481 N.E.2d 909, 135 Ill. App. 3d 442, 90 Ill. Dec. 109, 1985 Ill. App. LEXIS 2272
CourtAppellate Court of Illinois
DecidedJuly 18, 1985
Docket84-944
StatusPublished
Cited by6 cases

This text of 481 N.E.2d 909 (Kievman v. Edward Hospital) is published on Counsel Stack Legal Research, covering Appellate Court of Illinois primary law. Counsel Stack provides free access to over 12 million legal documents including statutes, case law, regulations, and constitutions.

Bluebook
Kievman v. Edward Hospital, 481 N.E.2d 909, 135 Ill. App. 3d 442, 90 Ill. Dec. 109, 1985 Ill. App. LEXIS 2272 (Ill. Ct. App. 1985).

Opinion

PRESIDING JUSTICE NASH

delivered the opinion of the court:

Plaintiff, Theresa Kievman, appeals from an order dismissing her complaint against defendant, Edward Hospital, in which plaintiff sought recovery of damages arising out of alleged injuries sustained while undergoing treatment in the hospital. The trial court dismissed plaintiff’s complaint on motion of defendant brought pursuant to section 2 — 619 of the Code of Civil Procedure (Ill. Rev. Stat. 1981, ch. 110, par. 2 — 619), which alleged defendant was a local public entity and plaintiff had failed to give the hospital notice of the injury as required by section 8 — 102 of the Local Governmental and Governmental Employees Tort Immunity Act (Ill. Rev. Stat. 1981, ch. 85, par. 8 — 102). Plaintiff contends (1) defendant is estopped from relying upon failure of plaintiff to give the notice, as defendant concealed its status as a local public entity from plaintiff and the public, and (2) defendant’s establishment of a self-insurance fund acted as a waiver of its right to notice.
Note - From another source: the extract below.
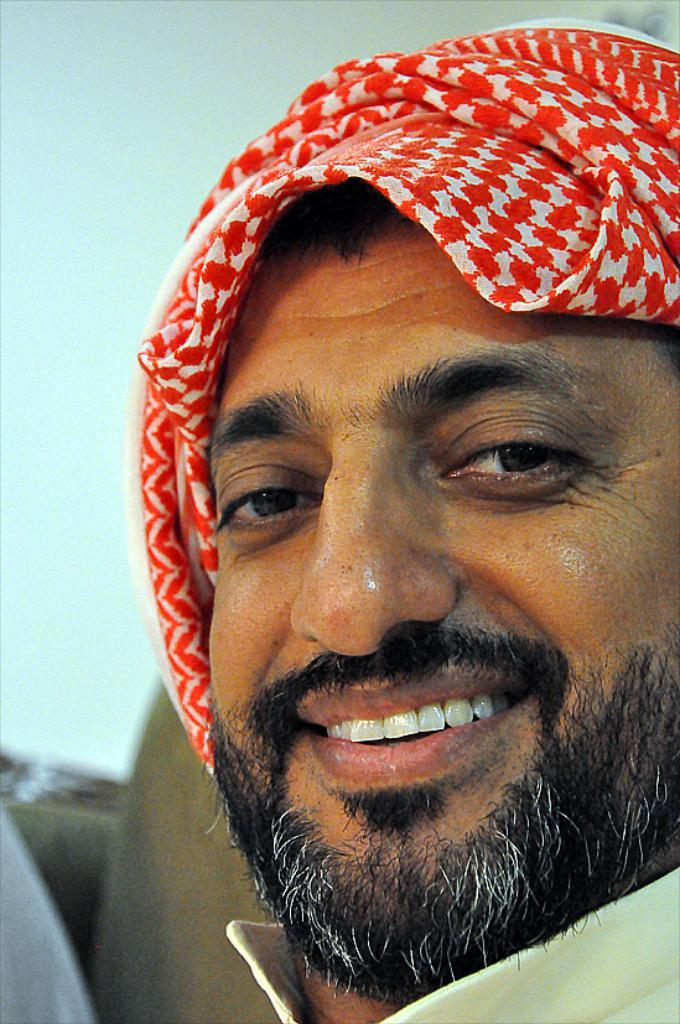Who is present in the image? There is a man in the image. What is the man wearing on his head? The man is wearing a red color head scarf. What is the man's facial expression? The man is smiling. What is the man looking at? The man is looking at a picture. What can be seen in the background of the image? There is a wall in the background of the image. What type of pencil can be seen in the man's hand in the image? There is no pencil visible in the man's hand in the image. What material is the card that the man is holding in the image made of? There is no card visible in the man's hand in the image.

An earlier appeal in this case was dismissed by this court for not being from a final order (Kievman v. Edward Hospital (1984), 122 Ill. App. 3d 187, 460 N.E.2d 901); that deficiency has been corrected, and we consider the merits of the appeal.
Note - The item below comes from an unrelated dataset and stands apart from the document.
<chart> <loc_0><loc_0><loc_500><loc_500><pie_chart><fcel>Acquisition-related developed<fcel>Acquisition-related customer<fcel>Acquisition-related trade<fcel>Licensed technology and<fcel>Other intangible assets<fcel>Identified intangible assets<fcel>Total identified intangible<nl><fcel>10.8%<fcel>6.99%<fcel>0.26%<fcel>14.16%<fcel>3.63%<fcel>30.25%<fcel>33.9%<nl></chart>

In her complaint filed on July 26, 1982, plaintiff alleged that on or about July 12, 1981, she became aware she had been injured by acts of negligence by defendant occurring in August 1978. Prior to filing her complaint, plaintiff did not give to defendant hospital the notice of injury required by section 8 — 102 of the Tort Immunity Act. It is also uncontroverted that defendant, Edward Hospital, was at all times noted herein owned and operated by Edward Hospital District, a municipal corporation, which had been organized pursuant to the Hospital District Law (Ill. Rev. Stat. 1981, ch. 23, par. 1251 et seq.).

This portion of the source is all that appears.